Auf der gegenüberliegenden Seite, zwischen dem Haupthaus und der alten, denkmalgeschützten Turnhalle, soll ein neuer Verbinderbau entstehen. In diesem soll auch der mit geplante Aufzug eingebaut werden. Das neue Gebäude wird aber nicht nur die beiden bestehenden verbinden, sondern auch einen weiteren Neubau in das Ensemble mit einbinden - die künftige Sporthalle, die den heutigen Anforderungen entspricht. Sie kommt an die hintere Giebelseite der alten Sporthalle, die zur Mensa umgebaut wird.

Abgerissen werden müssen dafür nicht nur der jetzige Verbindungsbau und der Schulclub Zille-Bunker, sondern auch das 13 Jahre alte WTH-Gebäude. Aus der ULR-Fraktion hatte es bis zuletzt Versuche gegeben, dieses zu erhalten. Aufgrund seines Zustandes wären allerdings für die weitere Nutzung erhebliche Sanierungsarbeiten notwendig.
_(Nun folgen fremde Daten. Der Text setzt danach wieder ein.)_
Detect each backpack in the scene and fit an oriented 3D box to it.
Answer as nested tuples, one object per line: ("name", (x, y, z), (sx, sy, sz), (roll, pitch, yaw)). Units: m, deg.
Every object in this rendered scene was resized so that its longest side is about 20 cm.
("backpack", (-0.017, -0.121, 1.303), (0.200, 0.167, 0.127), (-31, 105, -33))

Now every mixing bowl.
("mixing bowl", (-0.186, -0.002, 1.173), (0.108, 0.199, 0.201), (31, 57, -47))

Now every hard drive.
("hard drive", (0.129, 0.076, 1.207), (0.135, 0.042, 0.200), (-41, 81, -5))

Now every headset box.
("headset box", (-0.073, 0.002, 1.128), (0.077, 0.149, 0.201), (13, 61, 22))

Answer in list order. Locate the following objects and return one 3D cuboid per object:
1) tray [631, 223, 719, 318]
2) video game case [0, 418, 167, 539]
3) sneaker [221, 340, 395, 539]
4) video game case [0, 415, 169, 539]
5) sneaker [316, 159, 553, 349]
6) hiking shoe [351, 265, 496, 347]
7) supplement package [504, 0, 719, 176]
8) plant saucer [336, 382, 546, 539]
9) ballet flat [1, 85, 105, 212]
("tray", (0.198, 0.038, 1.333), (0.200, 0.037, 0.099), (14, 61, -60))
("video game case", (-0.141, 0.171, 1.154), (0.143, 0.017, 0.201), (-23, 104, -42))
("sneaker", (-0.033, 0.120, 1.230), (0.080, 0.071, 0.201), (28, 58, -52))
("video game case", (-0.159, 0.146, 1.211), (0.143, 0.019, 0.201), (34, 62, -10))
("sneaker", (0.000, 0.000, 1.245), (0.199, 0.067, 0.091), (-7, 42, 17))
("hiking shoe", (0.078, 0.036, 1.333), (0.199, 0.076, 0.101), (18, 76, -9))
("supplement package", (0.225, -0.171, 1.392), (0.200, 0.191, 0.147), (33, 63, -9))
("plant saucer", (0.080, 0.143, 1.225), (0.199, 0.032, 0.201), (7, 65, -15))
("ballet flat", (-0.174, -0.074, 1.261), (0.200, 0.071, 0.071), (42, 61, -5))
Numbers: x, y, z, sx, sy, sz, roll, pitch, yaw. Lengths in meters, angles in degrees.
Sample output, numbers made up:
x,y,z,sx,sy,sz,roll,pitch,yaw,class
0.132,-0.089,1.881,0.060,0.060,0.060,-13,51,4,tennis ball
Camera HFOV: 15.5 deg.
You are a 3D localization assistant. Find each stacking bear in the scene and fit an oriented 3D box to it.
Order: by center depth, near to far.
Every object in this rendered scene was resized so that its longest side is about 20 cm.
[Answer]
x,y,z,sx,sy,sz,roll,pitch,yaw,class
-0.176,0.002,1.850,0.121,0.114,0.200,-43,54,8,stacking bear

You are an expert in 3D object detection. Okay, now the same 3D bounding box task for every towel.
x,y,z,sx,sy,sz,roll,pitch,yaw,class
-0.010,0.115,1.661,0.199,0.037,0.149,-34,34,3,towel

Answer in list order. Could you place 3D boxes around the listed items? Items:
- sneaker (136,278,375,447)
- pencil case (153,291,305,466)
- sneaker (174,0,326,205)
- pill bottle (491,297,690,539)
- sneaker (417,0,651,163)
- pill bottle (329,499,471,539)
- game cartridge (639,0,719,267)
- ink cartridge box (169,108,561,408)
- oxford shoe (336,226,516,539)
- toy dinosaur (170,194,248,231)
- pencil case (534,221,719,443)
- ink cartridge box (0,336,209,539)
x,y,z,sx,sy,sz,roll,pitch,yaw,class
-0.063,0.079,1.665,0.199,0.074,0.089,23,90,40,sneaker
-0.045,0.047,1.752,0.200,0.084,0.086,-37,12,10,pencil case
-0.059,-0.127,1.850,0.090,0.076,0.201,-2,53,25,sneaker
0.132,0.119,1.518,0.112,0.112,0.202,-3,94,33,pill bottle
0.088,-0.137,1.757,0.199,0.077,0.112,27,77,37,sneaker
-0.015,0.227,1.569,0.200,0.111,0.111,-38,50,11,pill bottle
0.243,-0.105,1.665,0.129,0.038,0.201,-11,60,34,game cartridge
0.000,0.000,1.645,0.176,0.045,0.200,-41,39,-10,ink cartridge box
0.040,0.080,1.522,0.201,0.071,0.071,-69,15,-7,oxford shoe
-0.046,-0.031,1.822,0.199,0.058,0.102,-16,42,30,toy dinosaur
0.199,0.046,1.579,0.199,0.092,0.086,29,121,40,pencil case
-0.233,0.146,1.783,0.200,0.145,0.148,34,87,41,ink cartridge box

In der jüngsten Stadtratssitzung mussten nun noch einige Änderungen beschlossen werden. Die Denkmalbehörde hatte sich dagegen ausgesprochen, dass der neue Verbinderbau ebenfalls viergeschossig wird. Dadurch würde die Fassade der alten Sporthalle kaum noch zur Geltung kommen und das historische Gebäude gewissermaßen erdrückt werden. Gebaut wird nun mit einem Geschoss weniger.

Damit geht allerdings benötigter Platz verloren. Daher wird nun über der Sporthalle noch eine komplette Etage entstehen. Ursprünglich sollte die Halle nur teilweise mit Unterrichtsräumen überbaut werden. Der Kopfbau wird dafür vom Grundriss her etwas kleiner, sodass pro Etage genau drei Räume hineinpassen.